Conifer provides comprehensive revenue cycle management and collection
services to hospitals and other healthcare providers. Dkt. 8, ¶ 9. Conifer holds itself out
as the number one hospital revenue cycle management and collection outsourcing
vendor. Dkt. 8, ¶ 10.
On April 28, 2011, Reid outsourced its entire revenue cycle management to Dell
Marketing, LP (“Dell”), pursuant to a 77-page Master Agreement for Revenue Cycle
Outsourcing (the “Agreement”). Dkt. 8, ¶ 21. 1 Section 18.10 of the Agreement provides
that it “shall be governed according to the laws of Indiana without giving effect to any rule
or conflicts of law.” Dkt. 8, ¶ 22.
On November 5, 2012, Conifer assumed all of Dell’s duties and obligations under
the Agreement, which made it responsible for Reid’s entire revenue cycle management.

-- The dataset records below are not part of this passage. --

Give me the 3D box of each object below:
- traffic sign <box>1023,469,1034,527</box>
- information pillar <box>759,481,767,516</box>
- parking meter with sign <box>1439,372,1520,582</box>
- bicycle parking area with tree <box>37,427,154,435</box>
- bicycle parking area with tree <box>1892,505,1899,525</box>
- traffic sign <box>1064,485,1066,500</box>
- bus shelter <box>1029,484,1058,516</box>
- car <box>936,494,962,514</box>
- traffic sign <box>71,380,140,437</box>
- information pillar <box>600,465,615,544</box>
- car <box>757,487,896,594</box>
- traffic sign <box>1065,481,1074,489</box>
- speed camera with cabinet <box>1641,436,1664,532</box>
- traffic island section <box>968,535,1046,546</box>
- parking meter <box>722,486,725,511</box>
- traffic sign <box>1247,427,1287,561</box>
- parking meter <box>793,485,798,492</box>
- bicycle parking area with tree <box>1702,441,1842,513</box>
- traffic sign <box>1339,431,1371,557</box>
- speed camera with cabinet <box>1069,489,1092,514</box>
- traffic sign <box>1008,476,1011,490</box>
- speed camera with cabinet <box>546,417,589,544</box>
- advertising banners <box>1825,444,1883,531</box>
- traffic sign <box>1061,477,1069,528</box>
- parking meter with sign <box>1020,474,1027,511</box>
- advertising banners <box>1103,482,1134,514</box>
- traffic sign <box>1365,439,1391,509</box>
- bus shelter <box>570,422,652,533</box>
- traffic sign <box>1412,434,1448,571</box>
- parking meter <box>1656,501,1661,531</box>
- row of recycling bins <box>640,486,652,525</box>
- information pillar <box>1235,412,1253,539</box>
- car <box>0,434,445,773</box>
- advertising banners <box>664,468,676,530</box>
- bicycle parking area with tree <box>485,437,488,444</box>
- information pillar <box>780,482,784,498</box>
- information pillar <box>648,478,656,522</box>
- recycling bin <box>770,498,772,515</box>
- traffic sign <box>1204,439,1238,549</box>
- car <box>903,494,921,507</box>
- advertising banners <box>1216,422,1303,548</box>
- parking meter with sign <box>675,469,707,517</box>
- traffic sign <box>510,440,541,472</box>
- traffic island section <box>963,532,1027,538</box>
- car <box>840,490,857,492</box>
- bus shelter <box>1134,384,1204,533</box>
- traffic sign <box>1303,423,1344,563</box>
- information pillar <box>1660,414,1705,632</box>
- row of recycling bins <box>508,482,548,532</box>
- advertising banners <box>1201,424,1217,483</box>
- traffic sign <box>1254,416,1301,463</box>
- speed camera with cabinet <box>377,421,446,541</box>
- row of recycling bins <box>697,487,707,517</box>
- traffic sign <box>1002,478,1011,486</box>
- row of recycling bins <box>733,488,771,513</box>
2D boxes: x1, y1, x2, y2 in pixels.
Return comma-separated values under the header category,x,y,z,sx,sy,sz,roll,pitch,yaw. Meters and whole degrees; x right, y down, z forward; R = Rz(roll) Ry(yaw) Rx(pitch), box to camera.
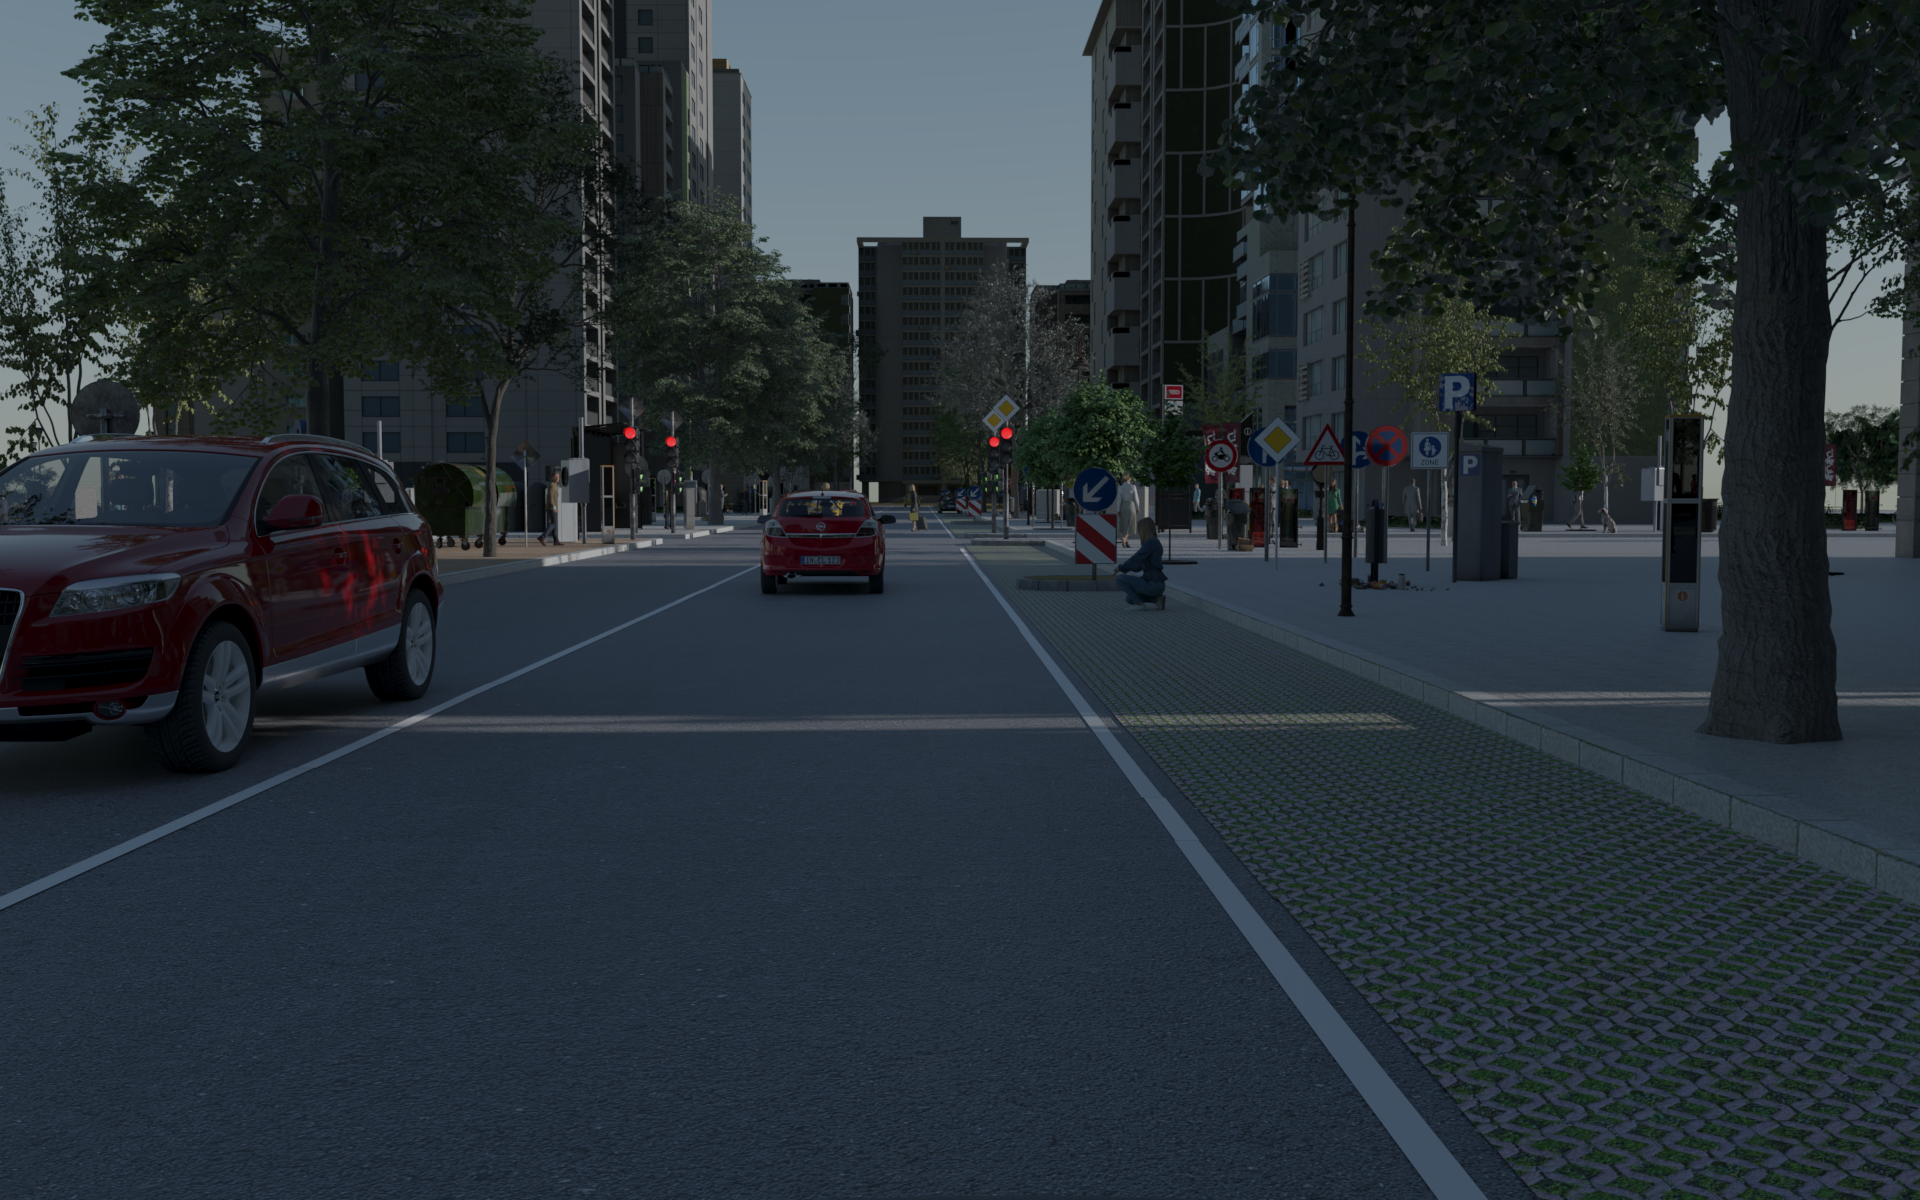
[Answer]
category,x,y,z,sx,sy,sz,roll,pitch,yaw
traffic sign,2.838,-4.099,67.124,0.768,2.556,0.104,0,3,0
information pillar,-10.800,-5.542,95.101,0.304,2.012,0.304,3,5,40
parking meter with sign,7.736,-1.799,25.669,0.543,3.016,1.738,3,5,42
bicycle parking area with tree,-38.168,-5.489,76.741,8.231,4.147,9.016,-3,5,-45
bicycle parking area with tree,41.843,-4.921,67.455,9.016,4.147,8.231,-1,4,-22
traffic sign,6.701,-6.739,110.281,0.768,2.556,0.104,1,4,8
bus shelter,4.674,-6.674,100.406,1.731,3.624,6.357,0,4,-2
car,-0.757,-7.198,127.466,2.009,1.686,4.222,0,4,-3
traffic sign,-9.565,-1.180,19.399,0.768,2.556,0.104,0,4,-1
information pillar,-9.059,-2.448,44.517,0.304,2.012,0.304,-1,4,-20
car,-2.046,-1.062,26.411,2.155,1.783,4.494,0,4,-3
traffic sign,6.004,-5.267,79.993,2.265,3.308,0.079,1,4,8
speed camera with cabinet,24.237,-3.980,59.404,2.038,3.252,0.660,-2,4,-32
traffic island section,1.323,-1.631,48.951,2.009,0.180,2.903,0,4,-1
parking meter,-16.271,-6.896,118.453,0.399,1.863,0.255,3,4,38
traffic sign,5.840,-2.007,32.914,0.768,2.556,0.104,0,4,7
parking meter,-10.539,-6.439,110.993,0.255,1.863,0.399,0,4,-2
bicycle parking area with tree,42.553,-6.511,93.462,8.231,4.147,9.016,0,4,6
traffic sign,8.012,-2.135,35.019,0.768,2.556,0.104,0,4,2
speed camera with cabinet,5.793,-5.344,81.708,0.660,3.252,2.038,-1,4,-18
traffic sign,3.455,-7.621,124.709,0.768,2.556,0.104,0,4,4
speed camera with cabinet,-10.285,-3.117,45.299,0.660,3.252,2.038,-2,4,-30
advertising banners,30.988,-3.916,60.217,2.074,3.025,0.090,0,4,6
traffic sign,3.898,-4.050,66.326,0.768,2.556,0.104,0,4,6
parking meter with sign,4.821,-8.286,131.741,0.543,3.016,1.738,-1,4,-12
advertising banners,6.497,-4.535,70.336,0.090,3.025,2.074,3,5,44
traffic sign,8.106,-2.018,33.093,0.768,2.556,0.104,0,4,7
bus shelter,-11.909,-4.173,59.510,1.731,3.624,6.357,0,4,-1
traffic sign,7.778,-1.627,28.734,0.606,2.300,0.079,0,4,7
parking meter,24.691,-3.379,60.961,0.255,1.863,0.399,2,4,35
row of recycling bins,-13.827,-3.928,71.335,1.069,1.692,3.534,2,4,23
information pillar,8.127,-3.556,49.490,0.504,3.616,0.183,0,4,-8
car,-4.778,-0.117,10.592,2.281,1.827,5.304,0,4,0
advertising banners,-10.593,-4.118,63.509,0.090,3.025,2.074,0,4,4
bicycle parking area with tree,-21.258,-6.056,86.018,8.231,4.147,9.016,2,4,31
information pillar,-11.157,-6.329,107.969,0.304,2.012,0.304,-1,4,-20
information pillar,-14.087,-4.572,79.242,0.304,2.012,0.304,-1,4,-18
recycling bin,-11.278,-5.747,106.518,0.722,1.027,0.722,0,4,4
traffic sign,6.050,-2.454,40.234,0.768,2.556,0.104,0,4,4
car,-5.302,-11.117,191.985,2.015,1.641,3.980,0,4,-1
advertising banners,7.234,-2.784,41.707,2.074,3.025,0.090,2,4,29
parking meter with sign,-14.881,-6.085,95.743,1.738,3.016,0.543,0,4,-5
traffic sign,-10.535,-2.583,41.965,0.795,2.593,0.064,1,4,8
traffic island section,1.135,-2.119,56.934,2.009,0.180,2.903,0,4,-1
car,-9.424,-8.369,145.512,2.281,1.827,5.304,0,4,-1
bus shelter,7.169,-5.094,60.921,2.179,5.291,8.768,0,4,-1
traffic sign,6.760,-1.956,31.977,0.884,2.594,0.081,0,4,0
information pillar,6.738,-0.714,16.165,0.304,2.012,0.304,1,4,14
row of recycling bins,-15.390,-3.190,59.271,3.534,1.692,1.069,2,4,35
advertising banners,7.020,-2.914,43.830,2.074,3.025,0.090,-1,4,-18
traffic sign,5.384,-1.808,29.300,0.795,2.593,0.064,0,4,5
speed camera with cabinet,-15.191,-3.245,47.399,2.038,3.252,0.660,-2,4,-30
row of recycling bins,-14.927,-5.587,98.455,1.069,1.692,3.534,-1,4,-9
traffic sign,2.882,-6.871,112.337,0.884,2.594,0.081,0,4,4
row of recycling bins,-13.946,-6.897,119.879,3.534,1.692,1.069,0,4,-7

Dkt. 8, ¶¶ 23, 24. Specifically, Conifer was responsible for the following: prequalifying
patients, case management services, accurate coding, medical records, timely billing for
Reid’s services, timely responding to requests for additional information from third party
payors (i.e. insurers, Medicaid, and Medicare), timely appealing and pursuing denials,
and, ultimately, collecting all sums due Reid for its services. Dkt. 8, ¶ 26.
Section 12.4 of the Agreement states that Conifer “[w]arrants that the service shall
be performed in a manner consistent with best practices of providers of the types of
services specified in this Agreement.” Dkt. 8, ¶ 27. In Section 1.1 of the Agreement,
Conifer represented that it “has the skill, personnel, knowledge and management
expertise to provide the services in compliance with all applicable laws and payor
contracts.” Dkt. 8, ¶ 28.
Neither party attached the Agreement to their briefs, so the Court will accept the sections
of the Agreement cited by Reid in its Amended Complaint.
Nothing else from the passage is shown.